Resultó ser una joven que recién comenzaba en el mundo de las artes marciales. Los dos jóvenes se relajaron y no pudieron evitar mirarla de nuevo. Parecía joven, pero no tenía el aire caprichoso y frívolo de la típica heroína de artes marciales.
Cada secta tiene mujeres que practican artes marciales. Al llegar a cierta edad, se introducen gradualmente en el mundo marcial. Al principio, se apoyan en sus compañeras y actúan con demasiada impulsividad. Esta joven tiene un temperamento tranquilo, muy diferente al de las jóvenes guerreras del mundo marcial de los últimos años. Además, sus cejas son hermosas, su piel sana, delicada e impecable... Los dos jóvenes héroes pensaron lo mismo, sus rostros se sonrojaron ligeramente y no pudieron evitar toser al mismo tiempo.

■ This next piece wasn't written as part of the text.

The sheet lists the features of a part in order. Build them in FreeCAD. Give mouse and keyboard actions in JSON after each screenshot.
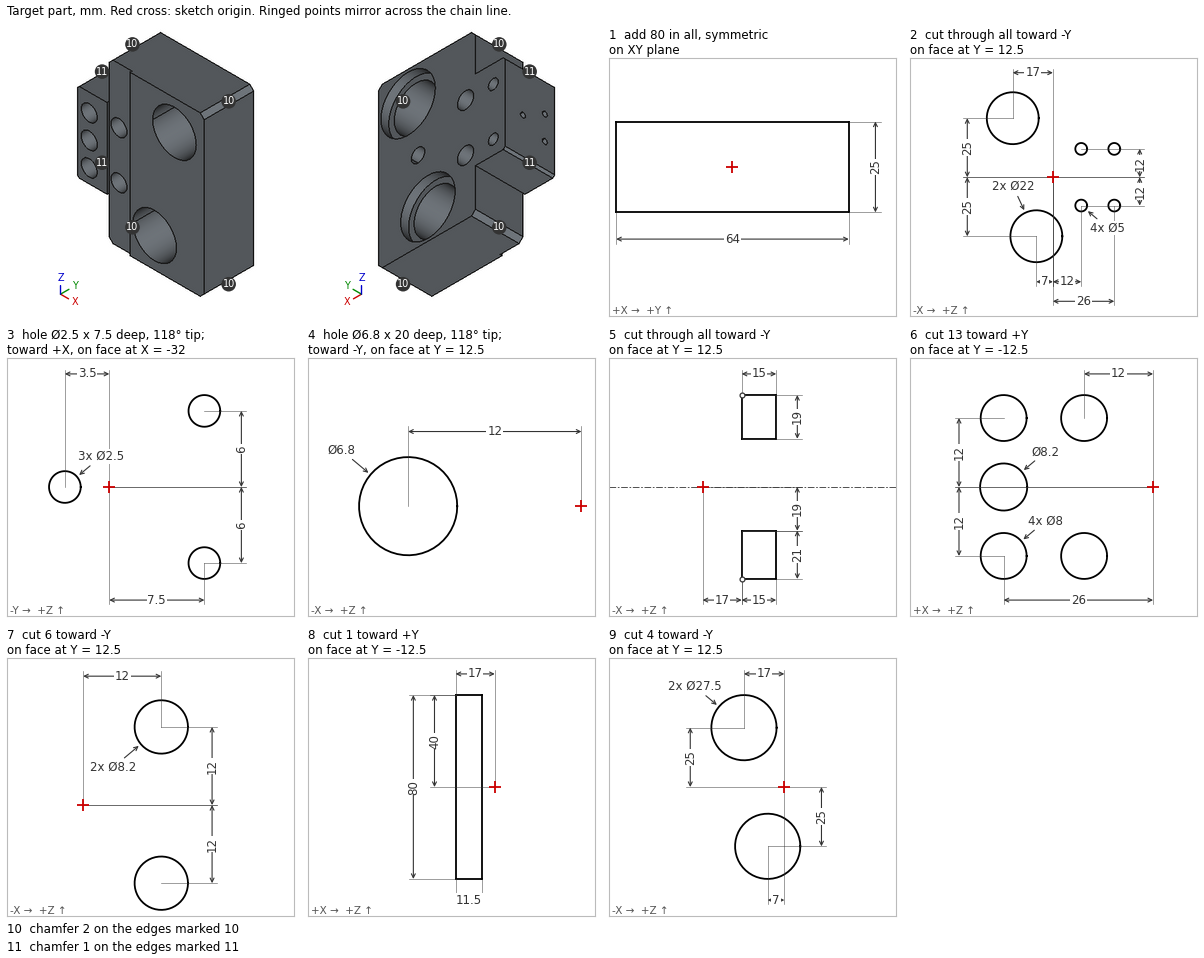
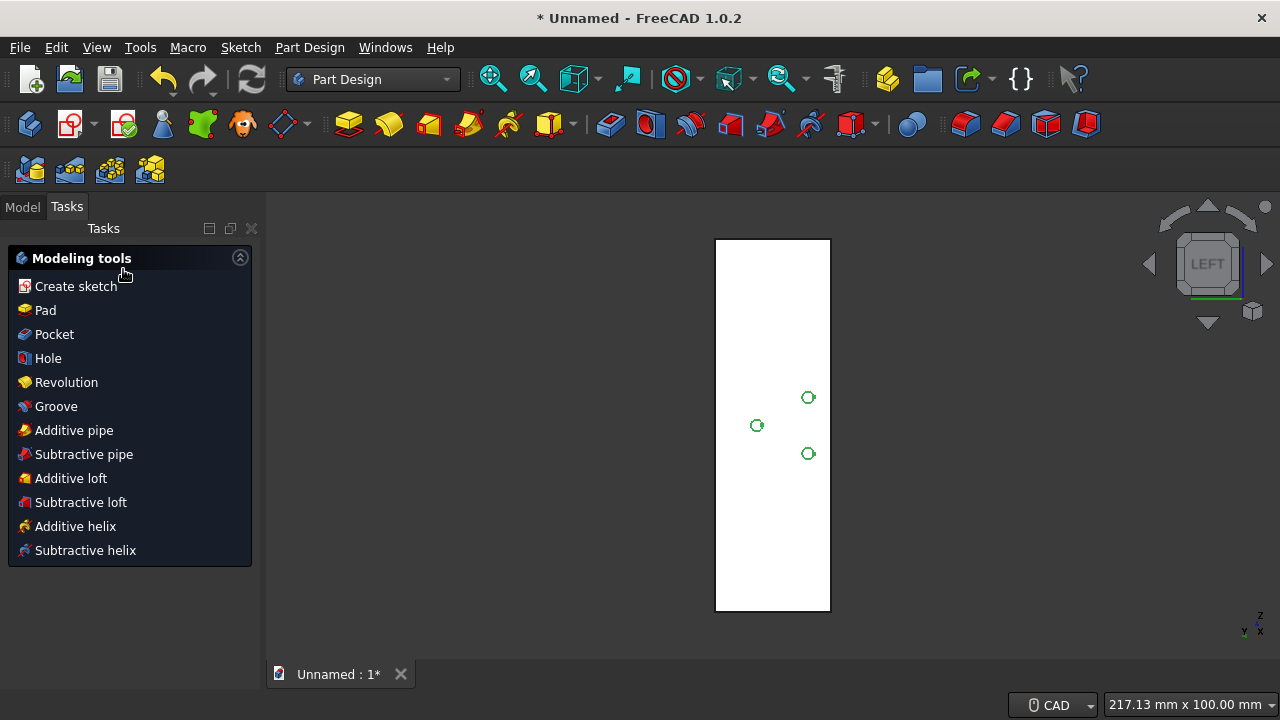
{"action": "left_click", "coordinate": [652, 124]}

Echó un vistazo a los platos que estaban muy cerca de donde habían tosido. Lo soportó; comer su saliva no era gran cosa... definitivamente podía tolerarlo.
Uno de los jóvenes cambió de opinión y dijo:
"Hermano Gu, ¿has venido hasta Yangzhou solo para visitar la mansión de la familia Yun?"
El otro joven era Gu Shaode, quien dijo:
"En efecto. La corte imperial celebra un examen de artes marciales cada seis años, y este año, el Tercer Hermano Mano de Plata, Tu Sanlong, resultó ganador. Se convertirá en un pilar importante de la corte. Tu Sanlong no tiene residencia fija. El año pasado se alojó en la Mansión de la Familia Yun y entabló una buena amistad con el Joven Maestro Xianyun. Mi maestro me envió a felicitarlo y también a copiar un registro de las hazañas del Tercer Hermano Mano de Plata para que nuestros discípulos lo consulten. Hermano Huang, ¿es por esto también que viniste a la Mansión de la Familia Yun?"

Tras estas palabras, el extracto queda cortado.